Carlsruher Blickpunkte

Vom Fabriktor zum Eingang einer Grünanlage

von Ferdinand Leikam

Wer in Durlach die Weiherhof-Grünanlage von der Marstallstraße aus betritt, schreitet durch ein imposantes Tor aus Buntsandstein. Die Inschrift "Fabrik für Orgelbau H. Voit & Söhne" macht deutlich, dass das Tor früher als Eingang zur Durlacher Orgelfabrik diente. Die Geschichte dieses Betriebs reicht bis 1764 zurück, als Johann Heinrich Stein in Durlach eine Orgelwerkstatt gründete. 1794 übernahm Johann Volkmar Voit den Betrieb. Unter seinem Sohn Heinrich entwickelte sich die Firma in der zweiten Hälfte des 19. Jahrhunderts zu einer international bekannten Orgelbauanstalt. Nach dem Ersten Weltkrieg geriet das Unternehmen in eine Schieflage, 1932 stellte es seine Produktion ein. Später wurden die Firmengebäude von anderen Betrieben genutzt, ab 1971 standen sie leer.

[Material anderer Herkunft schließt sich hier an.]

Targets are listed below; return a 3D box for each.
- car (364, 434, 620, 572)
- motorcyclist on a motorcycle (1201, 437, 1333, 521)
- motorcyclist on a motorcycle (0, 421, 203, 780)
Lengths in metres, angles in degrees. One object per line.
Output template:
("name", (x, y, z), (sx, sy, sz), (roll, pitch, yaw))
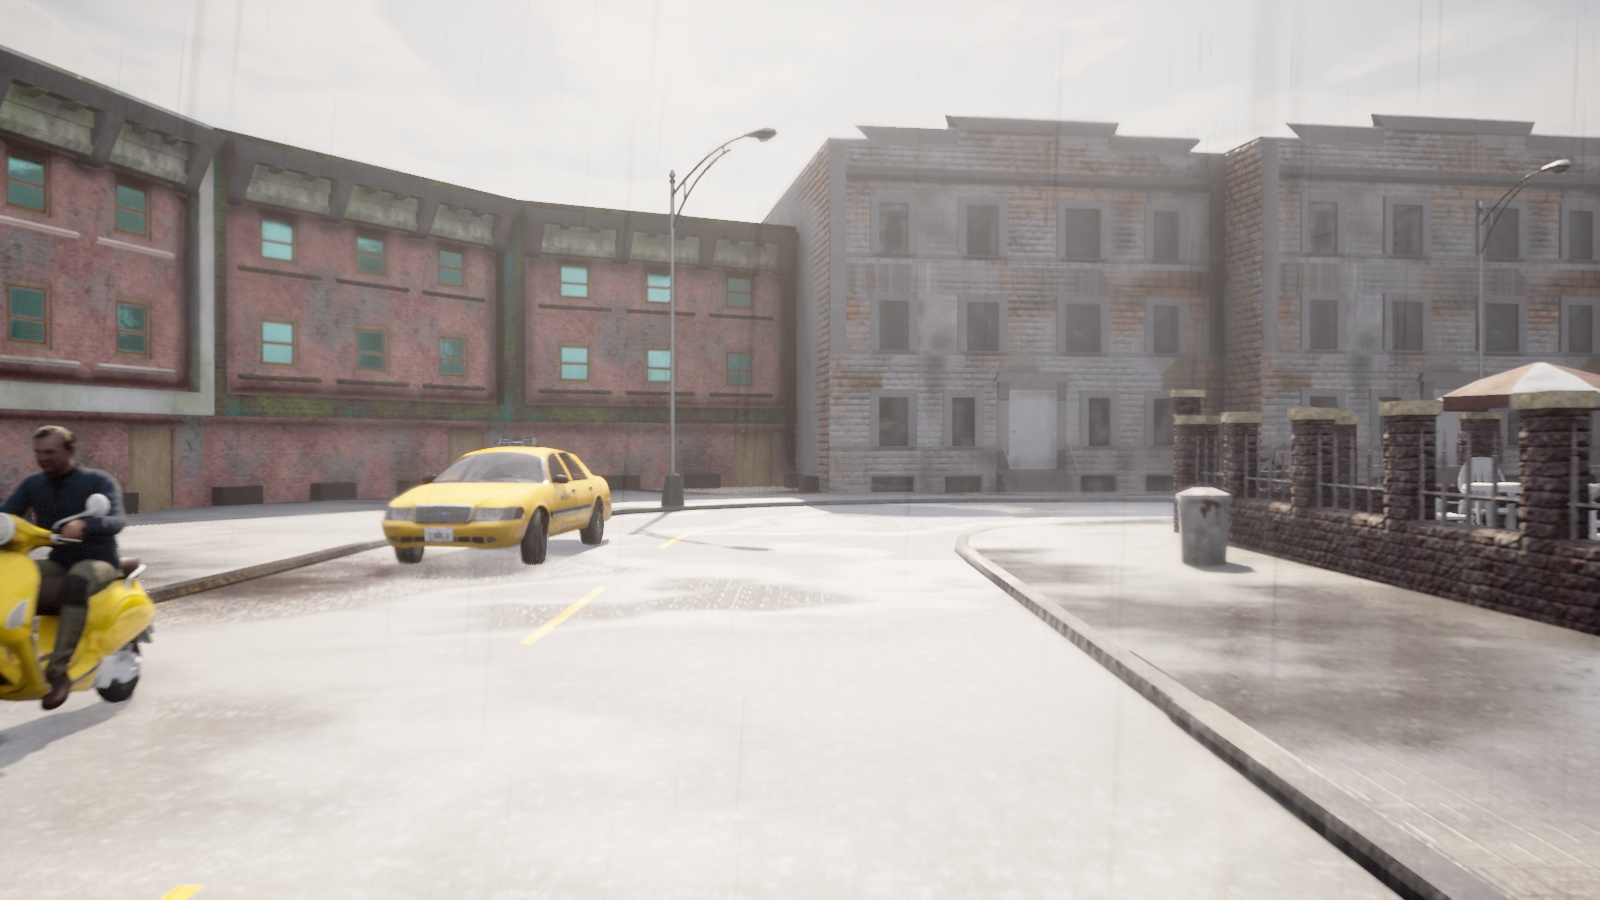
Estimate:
("car", (-3.906, 0.587, 17.029), (1.801, 1.575, 5.366), (0, 0, 4))
("motorcyclist on a motorcycle", (9.325, 0.563, 25.108), (2.350, 1.649, 0.766), (0, 1, -2))
("motorcyclist on a motorcycle", (-3.945, 0.660, 6.467), (0.866, 1.590, 1.817), (0, 0, 0))

Ehemaliges Eingangstor zur Durlacher Orgelfabrik H. Voit & Söhne 1980

Alte Stadtpläne zeigen jedoch, dass das Tor heute nicht an seinem ursprünglichen Platz stehen kann. Zum einen befand sich am heutigen Standort früher keine Einfahrt, sondern ein Gebäude. Zum anderen lag das Gelände der Orgelfabrik weiter nördlich; es ersteckte sich von der heutigen Amthausstraße im Westen bis zur Marstallstraße im Osten, im Nordosten wurde es vom damaligen Amtsgefängnis begrenzt. Tatsächlich stand das Tor früher an der Marstallstraße auf Höhe der heutigen Prinzessenstraße und diente als östlicher Eingang zum Firmengelände. Aufgrund der beengten Platzverhältnisse an der Amthausstraße wurden größere Anlieferungen und Abtransporte hier abgewickelt.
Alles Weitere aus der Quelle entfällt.